While it was known since September of last year that IMSA and Grand-Am would be merging, effectively bringing the American Le Mans Series and Grand American Rolex Series together, this year has seen the series’ identity and brand take shape, as well as the technical regulations tested and certified.

January 8 saw the first draft of the class structure released, then on March 14, the series debuted with its title and logo.

Then, in November it made its first series tests at Sebring and Daytona that saw all the cars, from Daytona Prototypes to the GT Daytona class running together on track.

But something wasn’t right.

#5 Action Express Racing Corvette DP: Joao Barbosa, Christian Fittipaldi
#5 Action Express Racing Corvette DP: Joao Barbosa, Christian Fittipaldi

Photo by: Trevor Horn

During the first day of Daytona testing, two Daytona Prototypes became airborne after tire failures. IMSA shut down practice for those cars and work began on finding out the causes and fixing them before the January opening race at that same track.

Luckily, no one was injured in these high-speed, high-altitude accidents.

The series is still working on all the final competition rules for the series. This fact alone has much of the teams upset, but with the recent events at Daytona, it is important for them to get it right.
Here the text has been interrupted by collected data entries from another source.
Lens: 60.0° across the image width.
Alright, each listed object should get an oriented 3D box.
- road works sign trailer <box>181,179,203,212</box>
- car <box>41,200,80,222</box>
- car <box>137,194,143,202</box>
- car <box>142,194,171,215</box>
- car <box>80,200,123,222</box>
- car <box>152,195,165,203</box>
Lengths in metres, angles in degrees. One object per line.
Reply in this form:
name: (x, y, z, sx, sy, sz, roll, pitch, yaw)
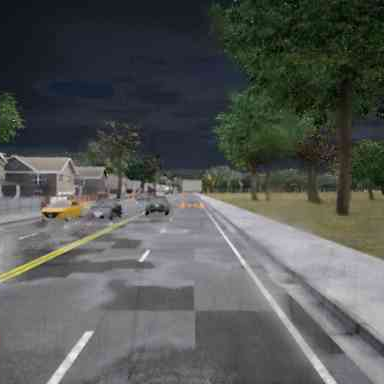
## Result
road works sign trailer: (-0.006, 0.334, 37.054, 2.380, 3.560, 2.880, 0, 0, 0)
car: (-9.848, 1.385, 25.673, 1.882, 1.535, 5.008, 0, 0, 0)
car: (-9.765, 1.119, 66.566, 2.097, 1.767, 4.553, 0, 0, 0)
car: (-3.155, 1.238, 32.010, 2.097, 1.767, 4.553, 0, 0, 0)
car: (-6.597, 1.400, 25.711, 2.128, 1.511, 4.902, 0, 0, 0)
car: (-6.518, 1.326, 65.925, 2.033, 1.411, 5.357, 0, 0, 0)
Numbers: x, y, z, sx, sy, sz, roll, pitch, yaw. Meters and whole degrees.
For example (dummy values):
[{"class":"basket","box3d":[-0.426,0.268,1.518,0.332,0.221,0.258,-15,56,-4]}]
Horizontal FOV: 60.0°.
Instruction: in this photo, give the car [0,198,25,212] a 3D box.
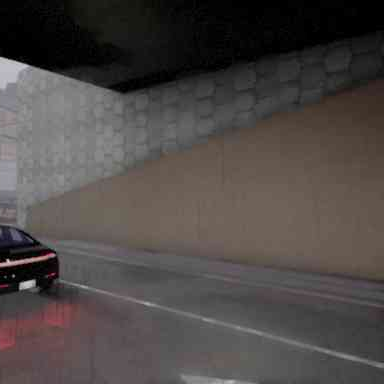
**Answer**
[{"class":"car","box3d":[-19.349,1.316,34.964,1.853,1.218,4.536,0,0,-9]}]

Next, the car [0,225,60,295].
[{"class":"car","box3d":[-5.009,1.497,7.559,4.902,1.511,2.128,0,0,36]}]

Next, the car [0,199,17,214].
[{"class":"car","box3d":[-15.599,1.313,32.152,4.536,1.218,1.853,0,0,1]}]
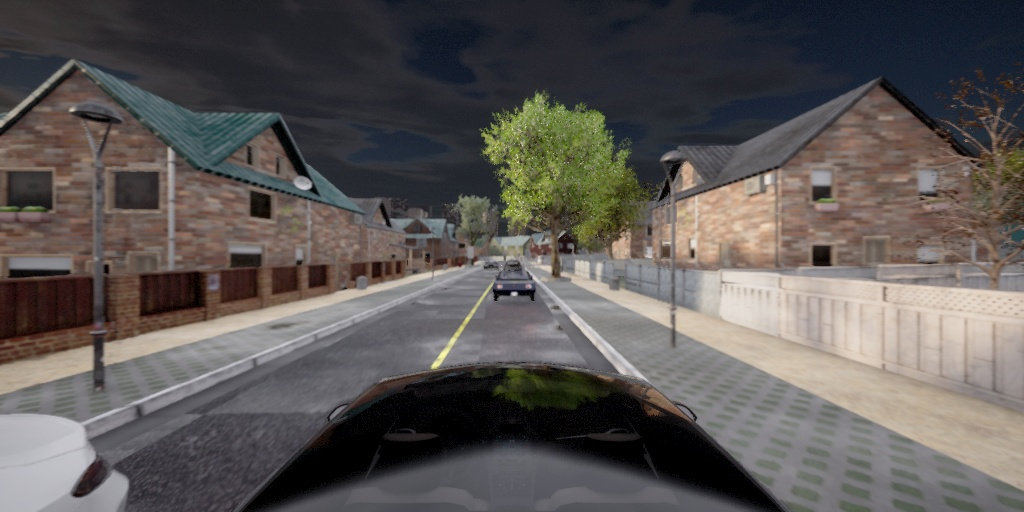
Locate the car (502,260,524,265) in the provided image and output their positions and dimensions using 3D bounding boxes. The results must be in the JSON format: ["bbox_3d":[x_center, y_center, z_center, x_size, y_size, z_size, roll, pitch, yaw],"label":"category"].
[{"bbox_3d":[0.097,1.150,34.588,1.837,1.490,4.892,0,0,0],"label":"car"}]

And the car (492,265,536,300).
[{"bbox_3d":[0.099,1.301,17.218,1.895,1.301,4.718,0,0,0],"label":"car"}]

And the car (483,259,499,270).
[{"bbox_3d":[-2.779,1.158,49.082,1.994,1.385,4.181,0,0,0],"label":"car"}]
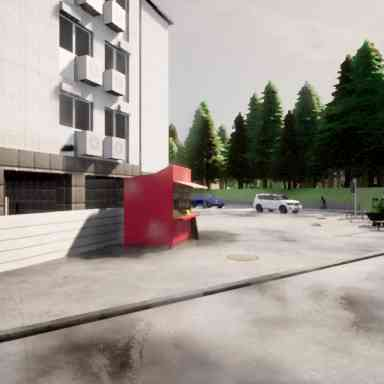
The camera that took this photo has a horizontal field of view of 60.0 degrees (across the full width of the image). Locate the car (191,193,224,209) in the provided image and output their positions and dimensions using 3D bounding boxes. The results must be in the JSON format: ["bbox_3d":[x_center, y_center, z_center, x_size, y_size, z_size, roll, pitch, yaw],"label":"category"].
[{"bbox_3d":[2.020,1.220,45.654,2.150,2.045,5.566,0,0,-36],"label":"car"}]

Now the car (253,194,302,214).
[{"bbox_3d":[9.058,1.221,35.743,2.150,2.045,5.566,0,0,-35],"label":"car"}]

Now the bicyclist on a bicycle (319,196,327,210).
[{"bbox_3d":[15.947,1.349,40.536,1.656,1.620,0.582,0,0,-35],"label":"bicyclist on a bicycle"}]
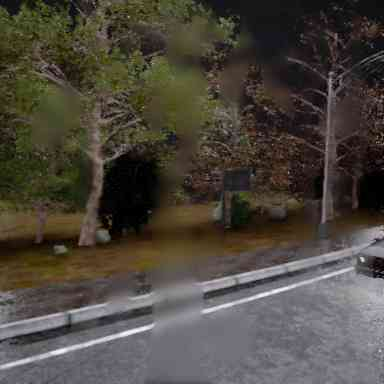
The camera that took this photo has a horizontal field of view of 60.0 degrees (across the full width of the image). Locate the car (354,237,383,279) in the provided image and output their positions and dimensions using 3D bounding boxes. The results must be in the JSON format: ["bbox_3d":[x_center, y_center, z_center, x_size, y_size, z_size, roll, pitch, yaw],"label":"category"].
[{"bbox_3d":[6.529,1.534,9.171,5.357,1.411,2.033,0,0,-40],"label":"car"}]
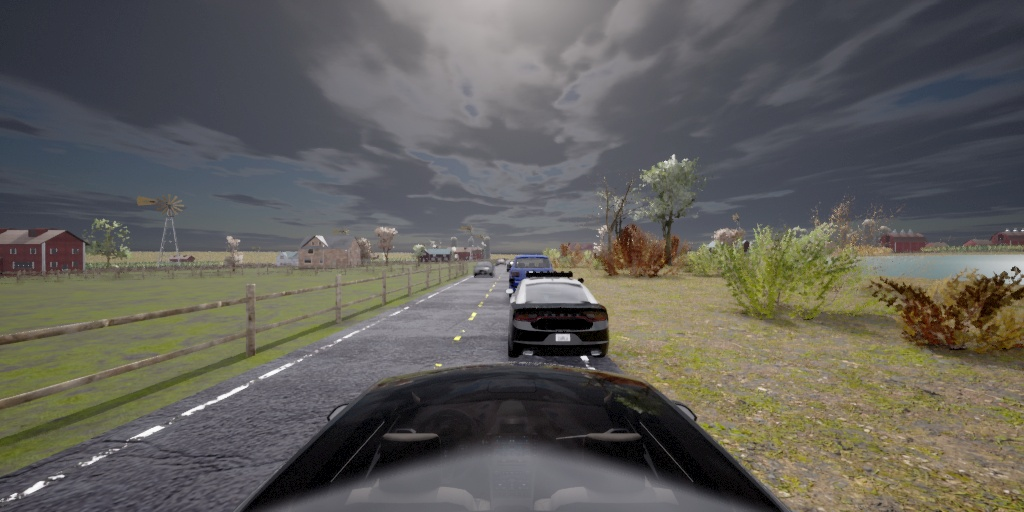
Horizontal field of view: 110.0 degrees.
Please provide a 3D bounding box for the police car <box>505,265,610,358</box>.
[{"bbox_3d":[0.876,1.174,8.638,1.930,1.638,5.238,0,0,0],"label":"police car"}]

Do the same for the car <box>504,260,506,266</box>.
[{"bbox_3d":[0.333,1.334,46.315,1.994,1.385,4.181,0,0,2],"label":"car"}]

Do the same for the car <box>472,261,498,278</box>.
[{"bbox_3d":[-2.624,1.262,34.536,1.837,1.490,4.892,0,0,0],"label":"car"}]

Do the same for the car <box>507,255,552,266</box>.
[{"bbox_3d":[0.943,0.974,18.557,2.150,2.045,5.566,0,0,0],"label":"car"}]
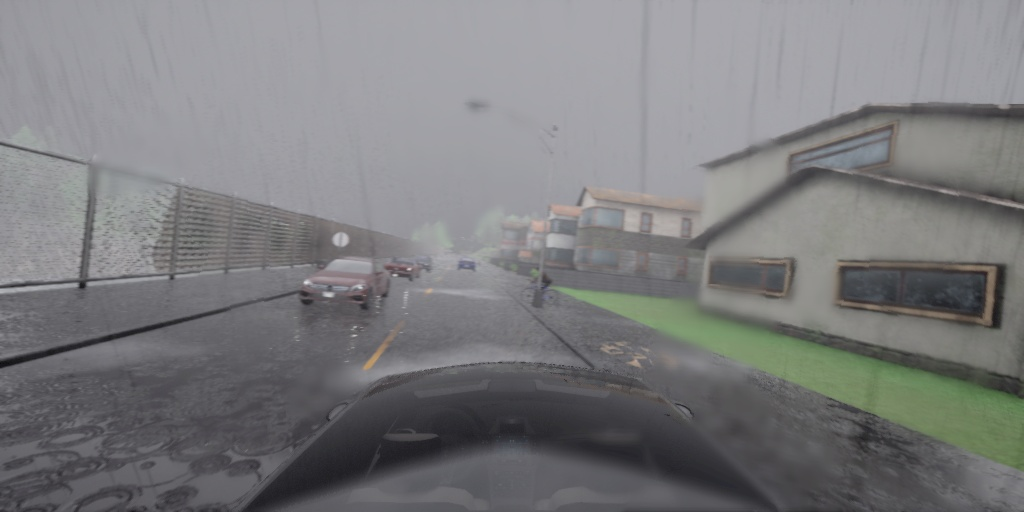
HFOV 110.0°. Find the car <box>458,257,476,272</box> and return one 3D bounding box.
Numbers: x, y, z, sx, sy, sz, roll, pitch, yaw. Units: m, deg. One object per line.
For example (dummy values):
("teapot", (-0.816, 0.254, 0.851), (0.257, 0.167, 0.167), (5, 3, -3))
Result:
("car", (-5.084, 0.856, 40.254), (1.882, 1.535, 5.008), (6, 0, -8))

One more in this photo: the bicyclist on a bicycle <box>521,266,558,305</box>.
("bicyclist on a bicycle", (1.223, 1.283, 15.421), (1.656, 1.620, 0.582), (6, 0, -8))

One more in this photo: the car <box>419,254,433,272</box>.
("car", (-8.195, 0.561, 32.492), (2.033, 1.411, 5.357), (6, 0, -8))

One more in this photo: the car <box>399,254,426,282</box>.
("car", (-6.713, 0.724, 21.942), (1.895, 1.301, 4.718), (6, 0, -8))

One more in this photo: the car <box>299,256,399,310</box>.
("car", (-5.273, 0.757, 12.004), (1.812, 1.442, 4.674), (6, 0, -9))
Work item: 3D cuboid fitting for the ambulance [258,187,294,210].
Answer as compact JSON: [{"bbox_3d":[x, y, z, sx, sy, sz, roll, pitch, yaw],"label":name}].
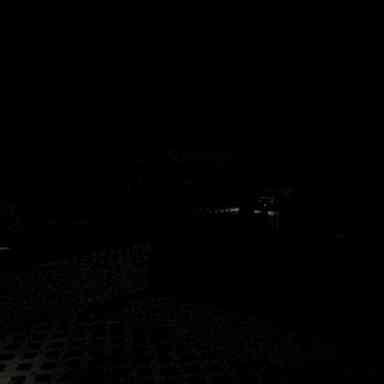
[{"bbox_3d":[9.627,0.694,38.012,2.351,2.431,6.366,3,2,35],"label":"ambulance"}]
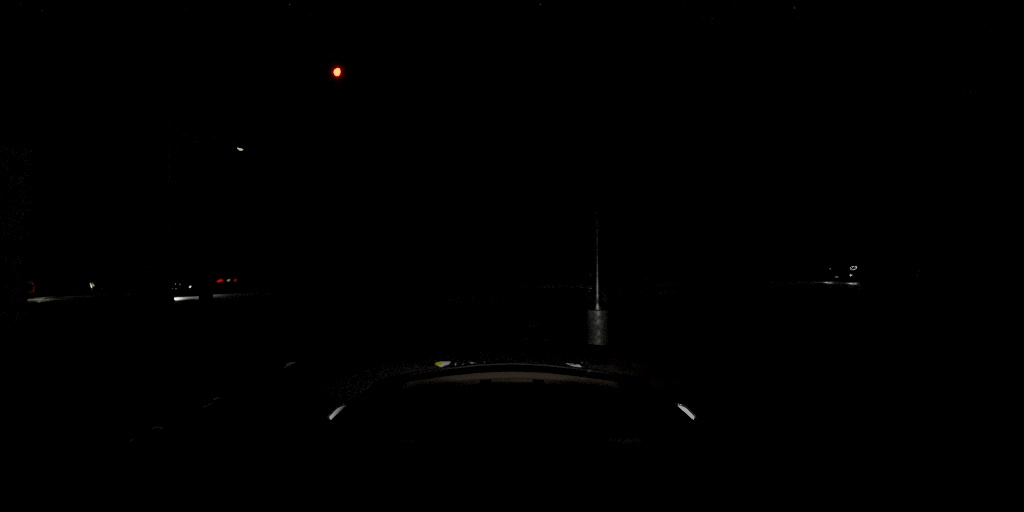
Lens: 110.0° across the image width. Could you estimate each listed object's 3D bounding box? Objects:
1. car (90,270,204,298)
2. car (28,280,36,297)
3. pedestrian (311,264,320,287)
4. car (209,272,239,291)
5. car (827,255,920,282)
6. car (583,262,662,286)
[{"bbox_3d":[-20.221,1.495,19.822,4.892,1.490,1.837,-1,-2,0],"label":"car"},{"bbox_3d":[-29.646,1.582,19.850,5.008,1.535,1.882,-1,-2,0],"label":"car"},{"bbox_3d":[-15.056,1.466,27.412,0.375,1.860,0.375,0,-1,0],"label":"pedestrian"},{"bbox_3d":[-21.082,1.685,23.519,5.357,1.411,2.033,-1,-2,0],"label":"car"},{"bbox_3d":[23.432,0.759,23.417,4.553,1.767,2.097,-1,-2,0],"label":"car"},{"bbox_3d":[7.139,1.152,23.451,5.008,1.535,1.882,-1,-2,0],"label":"car"}]
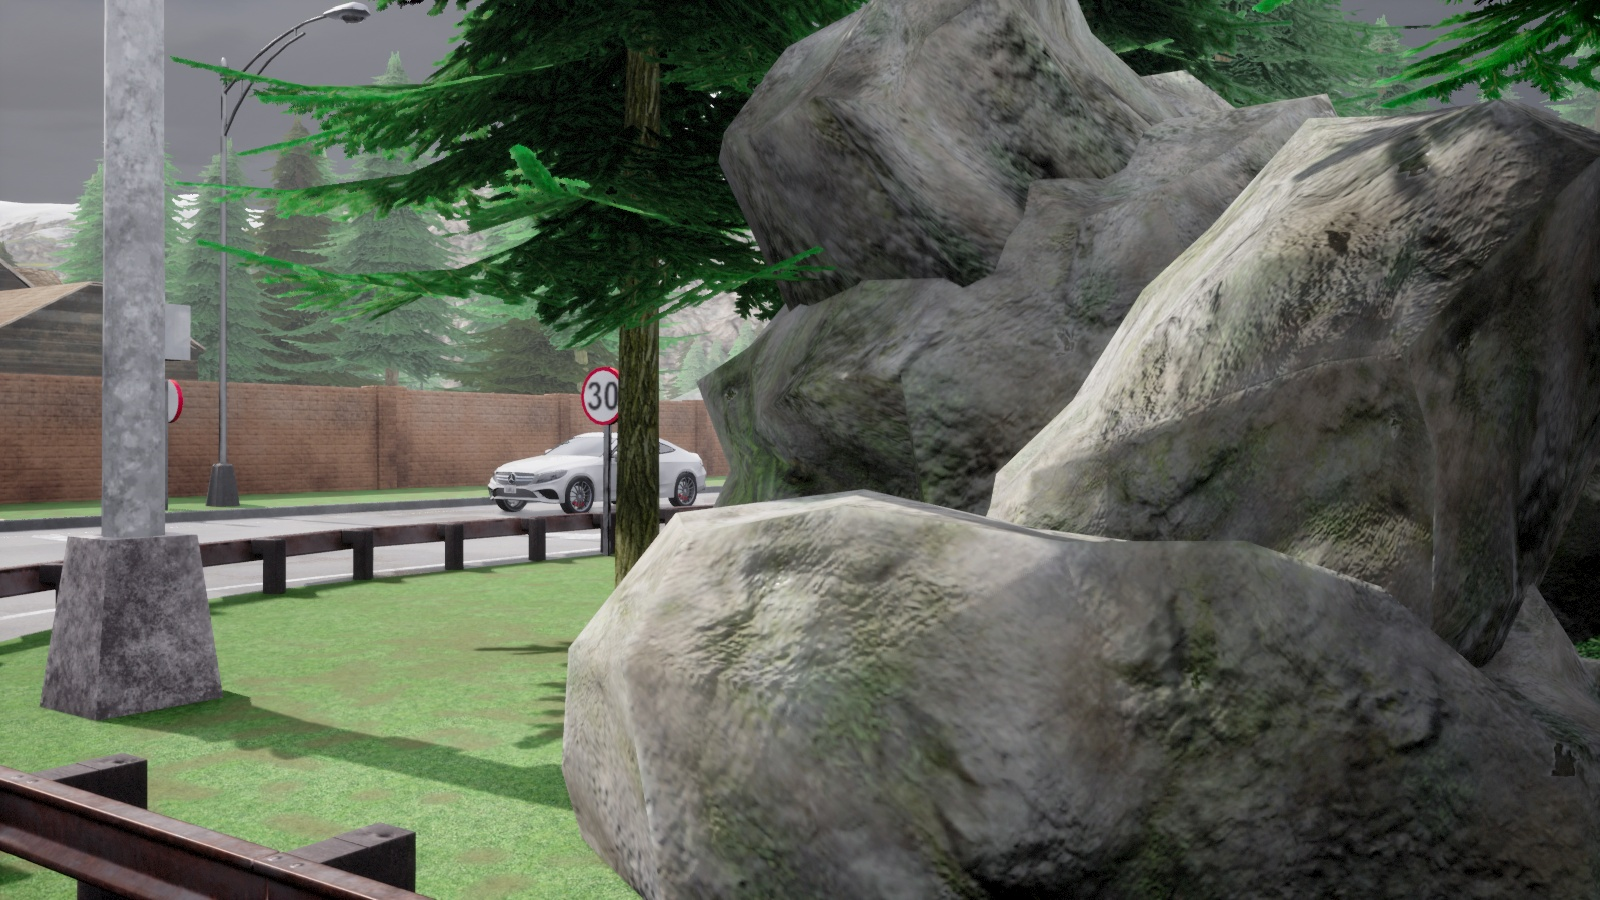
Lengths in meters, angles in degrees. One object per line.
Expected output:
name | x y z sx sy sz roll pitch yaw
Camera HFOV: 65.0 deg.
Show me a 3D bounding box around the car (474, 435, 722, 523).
car | -3.608 0.457 23.271 1.812 1.442 4.674 0 1 34
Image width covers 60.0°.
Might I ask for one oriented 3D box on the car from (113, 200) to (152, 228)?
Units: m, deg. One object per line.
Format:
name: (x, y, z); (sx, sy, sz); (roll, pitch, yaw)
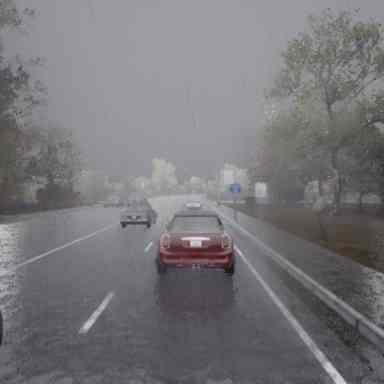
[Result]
car: (-3.404, 1.519, 21.924); (2.033, 1.411, 5.357); (0, 0, 0)

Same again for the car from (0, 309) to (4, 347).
car: (-3.403, 1.502, 2.446); (1.837, 1.490, 4.892); (0, 0, 0)

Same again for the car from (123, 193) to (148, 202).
car: (-7.097, 1.166, 43.550); (2.150, 2.045, 5.566); (0, 0, 0)

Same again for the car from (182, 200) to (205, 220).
car: (0.093, 1.490, 28.235); (1.812, 1.442, 4.674); (0, 0, 0)

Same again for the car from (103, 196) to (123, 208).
car: (-10.590, 1.294, 45.393); (2.097, 1.767, 4.553); (0, 0, 0)

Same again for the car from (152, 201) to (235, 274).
car: (0.098, 1.338, 10.650); (2.097, 1.767, 4.553); (0, 0, 0)
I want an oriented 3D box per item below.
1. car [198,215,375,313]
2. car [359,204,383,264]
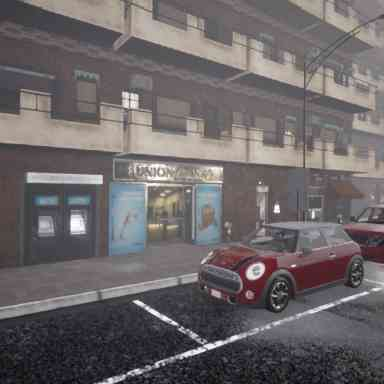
[{"bbox_3d":[2.087,1.442,7.593,4.097,1.590,1.967,0,0,-36],"label":"car"},{"bbox_3d":[6.588,1.320,10.815,5.009,1.841,2.192,0,0,-36],"label":"car"}]
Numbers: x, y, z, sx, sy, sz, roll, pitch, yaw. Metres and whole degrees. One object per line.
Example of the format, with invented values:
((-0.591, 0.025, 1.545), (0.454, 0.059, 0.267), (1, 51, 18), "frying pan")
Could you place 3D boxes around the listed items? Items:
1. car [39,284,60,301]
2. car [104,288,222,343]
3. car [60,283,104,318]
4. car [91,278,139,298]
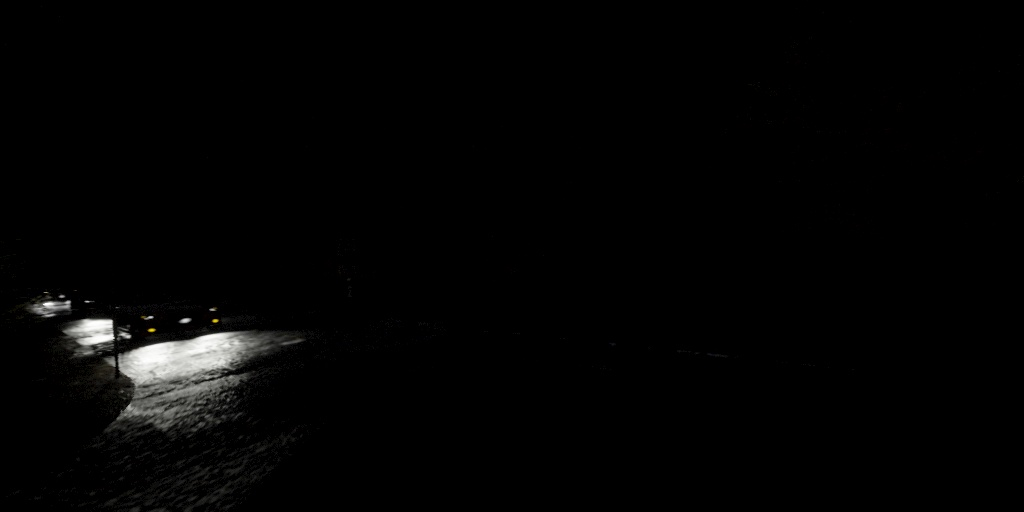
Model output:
((-37.119, 2.918, 29.367), (4.718, 1.301, 1.895), (-2, 1, 35), "car")
((-11.315, 1.799, 11.709), (4.181, 1.385, 1.994), (-2, 1, 34), "car")
((-20.471, 2.107, 17.954), (4.902, 1.511, 2.128), (-2, 1, 34), "car")
((-34.040, 2.707, 30.688), (5.357, 1.411, 2.033), (-2, 1, 35), "car")
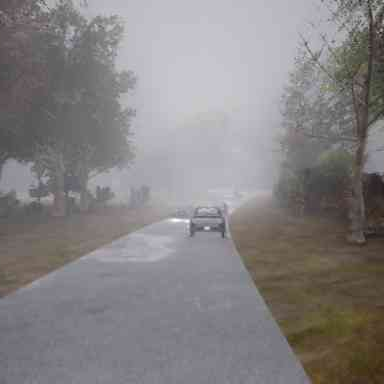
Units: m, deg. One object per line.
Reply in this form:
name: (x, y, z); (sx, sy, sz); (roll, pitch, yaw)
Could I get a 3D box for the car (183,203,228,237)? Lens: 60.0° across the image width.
car: (0.920, 1.568, 18.615); (2.128, 1.511, 4.902); (0, 0, 4)

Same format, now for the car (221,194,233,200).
car: (7.483, 1.091, 70.994); (1.882, 1.535, 5.008); (1, 3, 15)

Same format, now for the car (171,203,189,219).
car: (-0.708, 1.761, 31.541); (1.994, 1.385, 4.181); (1, -1, 7)

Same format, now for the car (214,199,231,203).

There will be a season opening TUDOR United SportsCar Championship race at the 24 Hours of Daytona. How much preparation these teams will really have is still up in the air.

“The target for the last couple of weeks has been working on the DP cars and getting the Daytona setup for those guys,” Scott Elkins, IMSA Technical Chief said.

“We’re going to have more examples of P2 cars at the Roar. That will help us gather more data. We’ll take that and we’ll make some final decisions on the P2/DP balance after the Roar, probably.”